File drbd-fix-race-condition-resetting-resync_next_bit.patch of Package drbd.20953
From 48c9cdfdbd6df6c89ee605cedbdc86c5b1c91ada Mon Sep 17 00:00:00 2001
From: Joel Colledge <joel.colledge@linbit.com>
Date: Mon, 17 May 2021 08:42:05 +0200
Subject: [PATCH] drbd: fix race condition resetting resync_next_bit
The commit
262103c65d28 drbd: serialize syncs from multiple sources
introduced a race condition which could cause syncs to stall. The
sequence was as follows:
1. drbd_start_resync changes the replication state to L_SYNC_TARGET.

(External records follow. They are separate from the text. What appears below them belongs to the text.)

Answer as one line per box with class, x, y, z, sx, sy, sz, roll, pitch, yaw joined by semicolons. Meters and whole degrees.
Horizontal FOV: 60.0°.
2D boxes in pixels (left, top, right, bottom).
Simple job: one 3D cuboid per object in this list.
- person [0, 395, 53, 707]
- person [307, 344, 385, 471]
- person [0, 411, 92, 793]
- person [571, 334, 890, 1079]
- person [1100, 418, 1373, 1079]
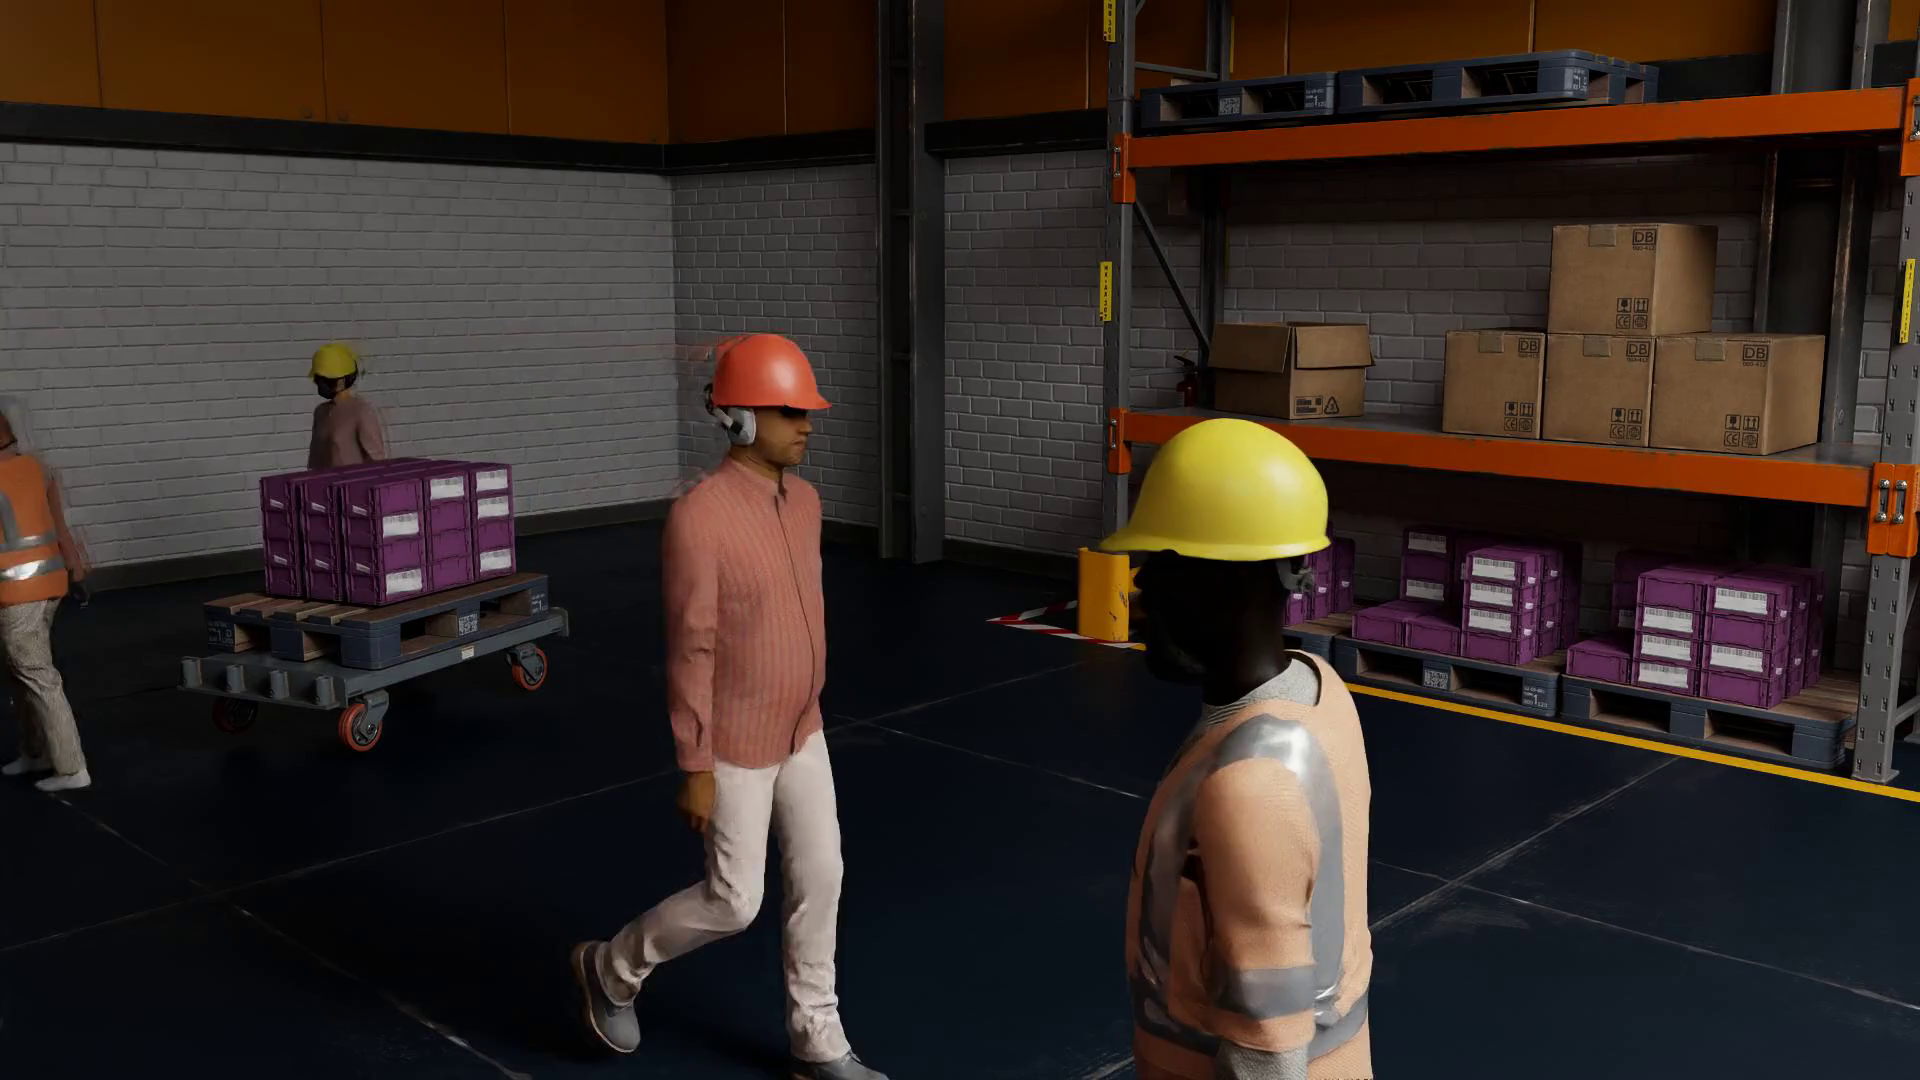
person;-4.610;-0.044;7.750;0.537;1.816;0.979;3;10;17
person;-3.357;-0.186;8.924;0.567;1.709;0.871;9;13;43
person;-3.813;0.235;6.664;0.627;1.604;0.581;1;9;7
person;-0.593;0.465;4.204;0.788;1.973;0.627;4;10;25
person;0.366;0.798;2.260;0.377;1.929;0.585;2;10;15
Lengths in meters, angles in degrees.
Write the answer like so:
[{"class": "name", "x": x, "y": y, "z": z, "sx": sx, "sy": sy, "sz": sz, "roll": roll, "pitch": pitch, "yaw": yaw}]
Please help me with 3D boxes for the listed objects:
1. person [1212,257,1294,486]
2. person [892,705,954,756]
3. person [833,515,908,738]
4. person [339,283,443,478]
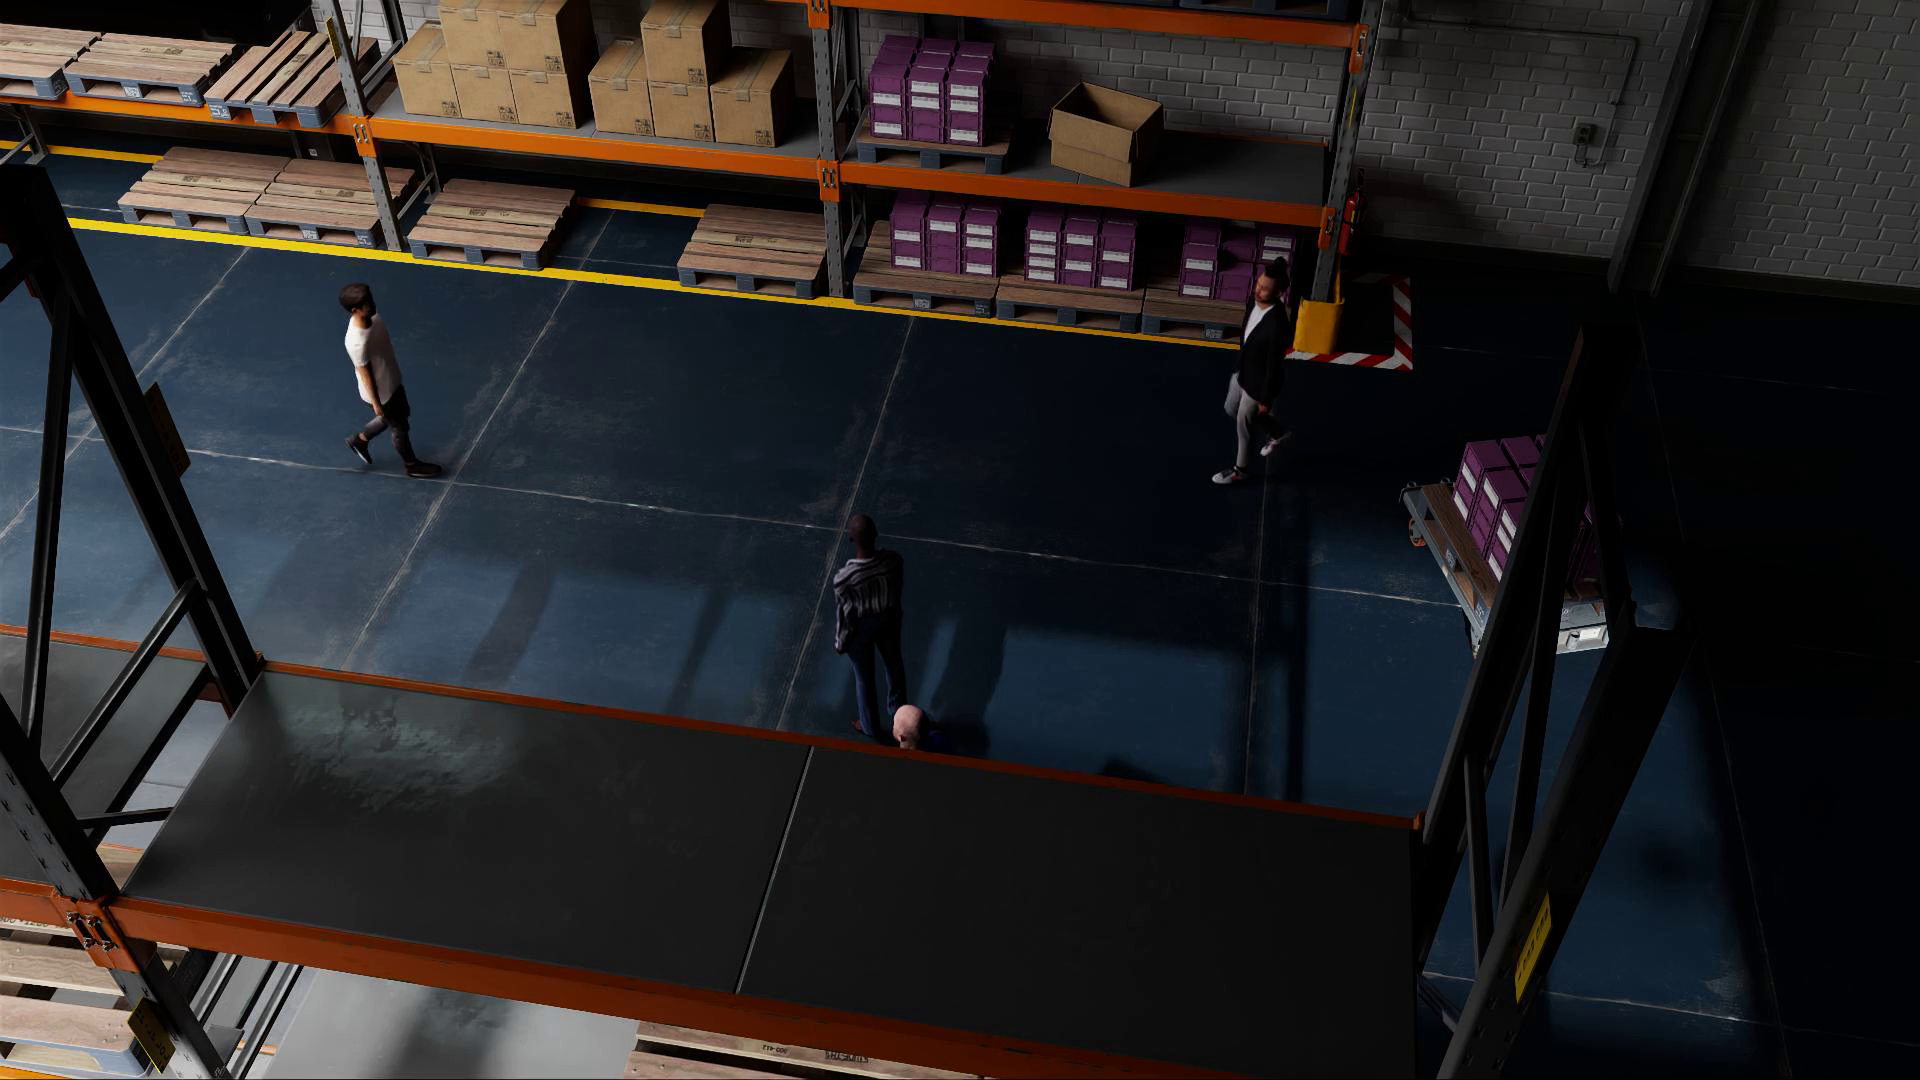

2. make_resync_request runs, either due to a previous sync or due to the
chain of calls finish_state_change => initialize_resync =>
drbd_rs_controller_reset => post work MAKE_RESYNC_REQUEST.
3. make_resync_request uses the old value of resync_next_bit, finds no
bits set after this point, and sets "bit" to the end of the bitmap.
4. drbd_start_resync sets "resync_next_bit" to 0.
5. make_resync_request sets "resync_next_bit" to "bit", that is the end
of the bitmap.
Now the sync stalls because "resync_next_bit" is at end of bitmap but
there are no requests active and bits in the bitmap are still set.
Fix this by resetting "resync_next_bit" earlier, before
make_resync_request could run for this sync.
---
drbd/drbd_sender.c | 8 ++------
drbd/drbd_state.c | 1 +
2 files changed, 3 insertions(+), 6 deletions(-)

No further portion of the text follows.